### [Entries provided]
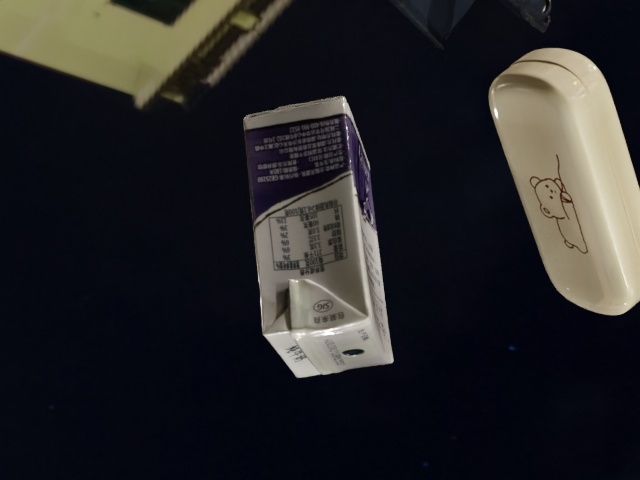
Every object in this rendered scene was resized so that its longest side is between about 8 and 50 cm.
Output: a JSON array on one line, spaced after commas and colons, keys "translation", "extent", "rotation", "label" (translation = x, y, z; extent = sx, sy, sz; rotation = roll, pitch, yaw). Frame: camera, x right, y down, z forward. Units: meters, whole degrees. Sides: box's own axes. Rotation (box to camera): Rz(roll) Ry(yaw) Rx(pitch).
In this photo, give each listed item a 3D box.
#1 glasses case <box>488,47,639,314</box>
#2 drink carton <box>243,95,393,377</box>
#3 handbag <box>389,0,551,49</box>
[{"translation": [0.178, -0.038, 0.790], "extent": [0.083, 0.050, 0.196], "rotation": [12, -48, 53], "label": "glasses case"}, {"translation": [0.000, 0.001, 1.038], "extent": [0.102, 0.134, 0.222], "rotation": [-10, -115, 6], "label": "drink carton"}, {"translation": [0.057, -0.280, 0.737], "extent": [0.118, 0.325, 0.269], "rotation": [-10, -96, 17], "label": "handbag"}]
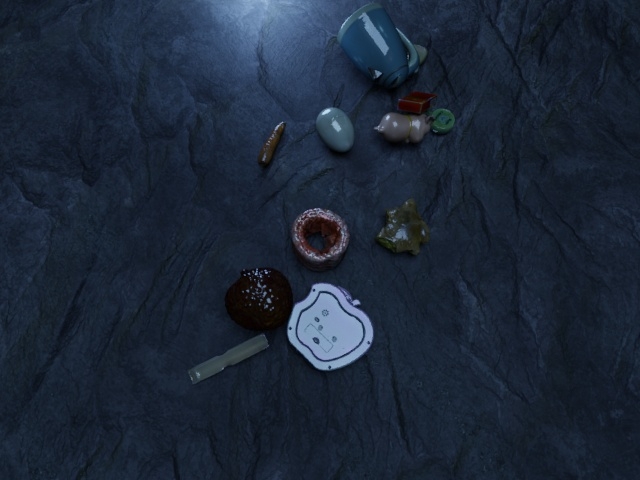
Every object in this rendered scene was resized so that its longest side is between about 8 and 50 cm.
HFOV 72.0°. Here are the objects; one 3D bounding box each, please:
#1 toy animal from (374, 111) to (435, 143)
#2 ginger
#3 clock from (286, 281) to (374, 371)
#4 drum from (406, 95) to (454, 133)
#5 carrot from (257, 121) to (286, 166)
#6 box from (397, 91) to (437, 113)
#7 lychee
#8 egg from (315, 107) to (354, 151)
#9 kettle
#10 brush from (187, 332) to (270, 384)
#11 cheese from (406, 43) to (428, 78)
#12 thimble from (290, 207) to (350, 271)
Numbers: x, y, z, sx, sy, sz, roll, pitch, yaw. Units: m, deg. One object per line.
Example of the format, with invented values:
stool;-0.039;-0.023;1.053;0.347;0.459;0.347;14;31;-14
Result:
toy animal;0.357;-0.491;1.916;0.247;0.149;0.165;-14;40;-12
ginger;0.353;-0.069;1.810;0.218;0.123;0.270;26;73;7
clock;0.037;0.330;1.684;0.338;0.102;0.339;1;73;-4
drum;0.486;-0.564;2.006;0.253;0.049;0.130;23;73;9
carrot;-0.210;-0.427;1.921;0.059;0.059;0.248;21;71;3
box;0.422;-0.601;1.916;0.112;0.048;0.175;21;38;29
lychee;-0.223;0.216;1.624;0.260;0.260;0.261;1;73;-3
egg;0.067;-0.475;1.899;0.151;0.151;0.209;-31;78;-12
kettle;0.296;-0.860;1.995;0.319;0.247;0.342;-32;85;-23
brush;-0.342;0.444;1.660;0.320;0.050;0.060;-26;79;-3
cheese;0.441;-0.845;2.091;0.097;0.037;0.192;23;73;5
thimble;0.000;0.000;1.752;0.239;0.162;0.239;2;71;-5
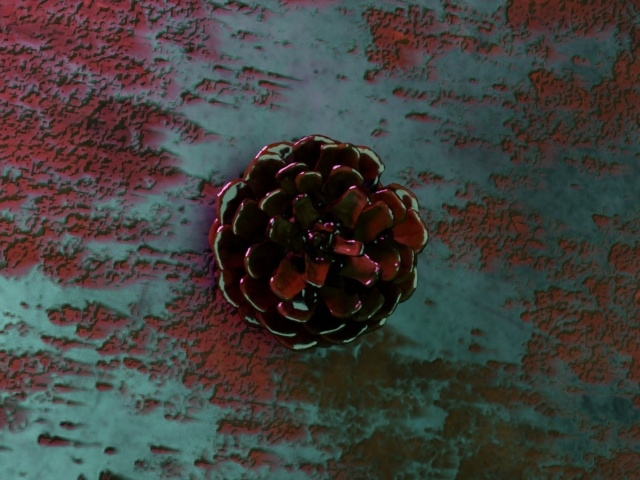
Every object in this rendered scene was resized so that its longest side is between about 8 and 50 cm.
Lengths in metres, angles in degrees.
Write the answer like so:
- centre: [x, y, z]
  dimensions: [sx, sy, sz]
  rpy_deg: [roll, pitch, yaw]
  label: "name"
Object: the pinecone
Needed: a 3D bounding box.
- centre: [0.000, 0.000, 1.499]
  dimensions: [0.208, 0.208, 0.207]
  rpy_deg: [3, 81, -22]
  label: "pinecone"
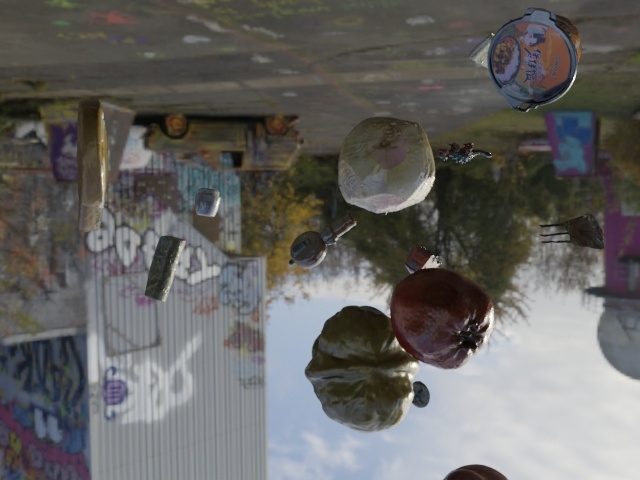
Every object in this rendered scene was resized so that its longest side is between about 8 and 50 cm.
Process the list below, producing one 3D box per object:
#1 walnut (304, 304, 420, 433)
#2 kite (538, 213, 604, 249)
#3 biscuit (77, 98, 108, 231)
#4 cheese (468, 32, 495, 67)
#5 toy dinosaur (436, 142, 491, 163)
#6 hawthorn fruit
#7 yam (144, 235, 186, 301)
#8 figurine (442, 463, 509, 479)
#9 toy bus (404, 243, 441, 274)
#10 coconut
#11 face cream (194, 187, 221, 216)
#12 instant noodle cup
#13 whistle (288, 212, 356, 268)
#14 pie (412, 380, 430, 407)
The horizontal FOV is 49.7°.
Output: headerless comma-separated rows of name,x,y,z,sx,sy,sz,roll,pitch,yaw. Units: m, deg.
walnut,0.100,0.299,1.621,0.253,0.281,0.277,23,166,-2
kite,0.779,-0.029,2.162,0.230,0.127,0.016,0,152,-14
biscuit,-0.488,-0.157,1.482,0.057,0.287,0.344,0,-169,-21
cheese,0.552,-0.472,1.905,0.400,0.034,0.085,12,133,-41
toy dinosaur,0.376,-0.229,1.810,0.154,0.055,0.049,1,180,-10
hawthorn fruit,0.231,0.147,1.417,0.205,0.205,0.253,-3,-163,-27
yam,-0.396,0.068,1.745,0.068,0.169,0.068,20,-178,-1
figurine,0.395,0.668,1.680,0.261,0.269,0.211,35,-161,15
toy bus,0.313,0.077,2.114,0.074,0.096,0.235,37,175,20
coconut,0.192,-0.223,2.038,0.298,0.297,0.254,-1,173,-4
face cream,-0.401,-0.135,2.451,0.091,0.094,0.091,8,176,1
instant noodle cup,0.439,-0.371,1.371,0.178,0.208,0.125,37,-131,15
whistle,0.000,0.000,1.884,0.220,0.107,0.057,-34,136,10
pie,0.297,0.464,2.085,0.084,0.084,0.021,3,-172,43
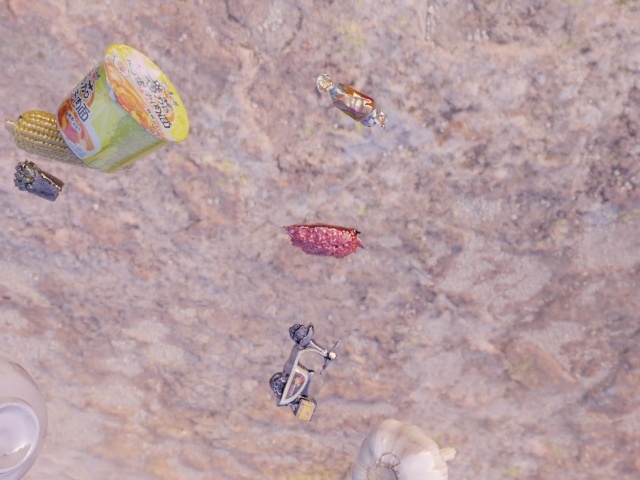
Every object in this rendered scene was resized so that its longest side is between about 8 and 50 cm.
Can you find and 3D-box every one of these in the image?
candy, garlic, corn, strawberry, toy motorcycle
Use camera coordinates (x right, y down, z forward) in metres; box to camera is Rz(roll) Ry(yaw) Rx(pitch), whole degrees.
[{"bbox_3d":[0.069,-0.269,1.303,0.182,0.053,0.046,26,165,-27],"label":"candy"},{"bbox_3d":[0.185,0.439,1.308,0.226,0.199,0.199,-5,149,-48],"label":"garlic"},{"bbox_3d":[-0.629,-0.249,1.683,0.322,0.119,0.119,14,135,-24],"label":"corn"},{"bbox_3d":[0.008,0.001,1.883,0.174,0.098,0.228,8,-177,36],"label":"strawberry"},{"bbox_3d":[-0.049,0.363,1.883,0.157,0.263,0.091,21,178,-13],"label":"toy motorcycle"}]

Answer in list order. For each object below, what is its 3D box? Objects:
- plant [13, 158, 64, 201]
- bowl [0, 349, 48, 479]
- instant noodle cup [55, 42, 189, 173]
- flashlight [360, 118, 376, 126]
[{"bbox_3d":[-0.831,-0.174,1.947,0.143,0.094,0.092,29,93,-20],"label":"plant"},{"bbox_3d":[-0.687,0.395,1.372,0.157,0.345,0.345,-4,145,34],"label":"bowl"},{"bbox_3d":[-0.466,-0.293,1.543,0.200,0.264,0.264,-29,134,22],"label":"instant noodle cup"},{"bbox_3d":[0.095,-0.280,1.480,0.057,0.035,0.121,18,176,30],"label":"flashlight"}]

### [To do]
If a record above holds a picture, leave the picture out and write out everything else exactly.

### [Result for this exercise]
Every object in this rendered scene was resized so that its longest side is between about 8 and 50 cm.
Output: a JSON array on one line, spaced after commas and colons, keys "translation", "extent", "rotation", "label" (translation = x, y, z; extent = sx, sy, sz; rotation = roll, pitch, yaw). Frame: camera, x right, y down, z forward. Units: meters, whole degrees. Sides: box's own axes. Rotation (box to camera): Rz(roll) Ry(yaw) Rx(pitch).
In this photo, give each listed item a 3D box.
#1 glasses case <box>488,47,639,314</box>
#2 drink carton <box>243,95,393,377</box>
#3 handbag <box>389,0,551,49</box>
[{"translation": [0.178, -0.038, 0.790], "extent": [0.083, 0.050, 0.196], "rotation": [12, -48, 53], "label": "glasses case"}, {"translation": [0.000, 0.001, 1.038], "extent": [0.102, 0.134, 0.222], "rotation": [-10, -115, 6], "label": "drink carton"}, {"translation": [0.057, -0.280, 0.737], "extent": [0.118, 0.325, 0.269], "rotation": [-10, -96, 17], "label": "handbag"}]
Every object in this rendered scene was resized so that its longest side is between about 8 and 50 cm.
HFOV 72.0°. Here are the objects; one 3D bounding box each, please:
#1 toy animal from (374, 111) to (435, 143)
#2 ginger
#3 clock from (286, 281) to (374, 371)
#4 drum from (406, 95) to (454, 133)
#5 carrot from (257, 121) to (286, 166)
#6 box from (397, 91) to (437, 113)
#7 lychee
#8 egg from (315, 107) to (354, 151)
#9 kettle
#10 brush from (187, 332) to (270, 384)
#11 cheese from (406, 43) to (428, 78)
#12 thimble from (290, 207) to (350, 271)
Numbers: x, y, z, sx, sy, sz, roll, pitch, yaw. Units: m, deg. One object per line.
Example of the format, with invented values:
stool;-0.039;-0.023;1.053;0.347;0.459;0.347;14;31;-14
Result:
toy animal;0.357;-0.491;1.916;0.247;0.149;0.165;-14;40;-12
ginger;0.353;-0.069;1.810;0.218;0.123;0.270;26;73;7
clock;0.037;0.330;1.684;0.338;0.102;0.339;1;73;-4
drum;0.486;-0.564;2.006;0.253;0.049;0.130;23;73;9
carrot;-0.210;-0.427;1.921;0.059;0.059;0.248;21;71;3
box;0.422;-0.601;1.916;0.112;0.048;0.175;21;38;29
lychee;-0.223;0.216;1.624;0.260;0.260;0.261;1;73;-3
egg;0.067;-0.475;1.899;0.151;0.151;0.209;-31;78;-12
kettle;0.296;-0.860;1.995;0.319;0.247;0.342;-32;85;-23
brush;-0.342;0.444;1.660;0.320;0.050;0.060;-26;79;-3
cheese;0.441;-0.845;2.091;0.097;0.037;0.192;23;73;5
thimble;0.000;0.000;1.752;0.239;0.162;0.239;2;71;-5
Every object in this rendered scene was resized so that its longest side is between about 8 and 50 cm.
Lengths in metres, angles in degrees.
Write the answer like so:
- centre: [x, y, z]
  dimensions: [sx, sy, sz]
  rpy_deg: [roll, pitch, yaw]
  label: "name"
Object: the pinecone
Needed: a 3D bounding box.
- centre: [0.000, 0.000, 1.499]
  dimensions: [0.208, 0.208, 0.207]
  rpy_deg: [3, 81, -22]
  label: "pinecone"
Every object in this rendered scene was resized so that its longest side is between about 8 and 50 cm.
Process the list below, producing one 3D box per object:
#1 walnut (304, 304, 420, 433)
#2 kite (538, 213, 604, 249)
#3 biscuit (77, 98, 108, 231)
#4 cheese (468, 32, 495, 67)
#5 toy dinosaur (436, 142, 491, 163)
#6 hawthorn fruit
#7 yam (144, 235, 186, 301)
#8 figurine (442, 463, 509, 479)
#9 toy bus (404, 243, 441, 274)
#10 coconut
#11 face cream (194, 187, 221, 216)
#12 instant noodle cup
#13 whistle (288, 212, 356, 268)
#14 pie (412, 380, 430, 407)
The horizontal FOV is 49.7°.
Output: headerless comma-separated rows of name,x,y,z,sx,sy,sz,roll,pitch,yaw. Units: m, deg.
walnut,0.100,0.299,1.621,0.253,0.281,0.277,23,166,-2
kite,0.779,-0.029,2.162,0.230,0.127,0.016,0,152,-14
biscuit,-0.488,-0.157,1.482,0.057,0.287,0.344,0,-169,-21
cheese,0.552,-0.472,1.905,0.400,0.034,0.085,12,133,-41
toy dinosaur,0.376,-0.229,1.810,0.154,0.055,0.049,1,180,-10
hawthorn fruit,0.231,0.147,1.417,0.205,0.205,0.253,-3,-163,-27
yam,-0.396,0.068,1.745,0.068,0.169,0.068,20,-178,-1
figurine,0.395,0.668,1.680,0.261,0.269,0.211,35,-161,15
toy bus,0.313,0.077,2.114,0.074,0.096,0.235,37,175,20
coconut,0.192,-0.223,2.038,0.298,0.297,0.254,-1,173,-4
face cream,-0.401,-0.135,2.451,0.091,0.094,0.091,8,176,1
instant noodle cup,0.439,-0.371,1.371,0.178,0.208,0.125,37,-131,15
whistle,0.000,0.000,1.884,0.220,0.107,0.057,-34,136,10
pie,0.297,0.464,2.085,0.084,0.084,0.021,3,-172,43
Every object in this rendered scene was resized so that its longest side is between about 8 and 50 cm.
Can you find and 3D-box every one of these in the image?
candy, garlic, corn, strawberry, toy motorcycle
Use camera coordinates (x right, y down, z forward) in metres; box to camera is Rz(roll) Ry(yaw) Rx(pitch), whole degrees.
[{"bbox_3d":[0.069,-0.269,1.303,0.182,0.053,0.046,26,165,-27],"label":"candy"},{"bbox_3d":[0.185,0.439,1.308,0.226,0.199,0.199,-5,149,-48],"label":"garlic"},{"bbox_3d":[-0.629,-0.249,1.683,0.322,0.119,0.119,14,135,-24],"label":"corn"},{"bbox_3d":[0.008,0.001,1.883,0.174,0.098,0.228,8,-177,36],"label":"strawberry"},{"bbox_3d":[-0.049,0.363,1.883,0.157,0.263,0.091,21,178,-13],"label":"toy motorcycle"}]

Answer in list order. For each object below, what is its 3D box? Objects:
- plant [13, 158, 64, 201]
- bowl [0, 349, 48, 479]
- instant noodle cup [55, 42, 189, 173]
- flashlight [360, 118, 376, 126]
[{"bbox_3d":[-0.831,-0.174,1.947,0.143,0.094,0.092,29,93,-20],"label":"plant"},{"bbox_3d":[-0.687,0.395,1.372,0.157,0.345,0.345,-4,145,34],"label":"bowl"},{"bbox_3d":[-0.466,-0.293,1.543,0.200,0.264,0.264,-29,134,22],"label":"instant noodle cup"},{"bbox_3d":[0.095,-0.280,1.480,0.057,0.035,0.121,18,176,30],"label":"flashlight"}]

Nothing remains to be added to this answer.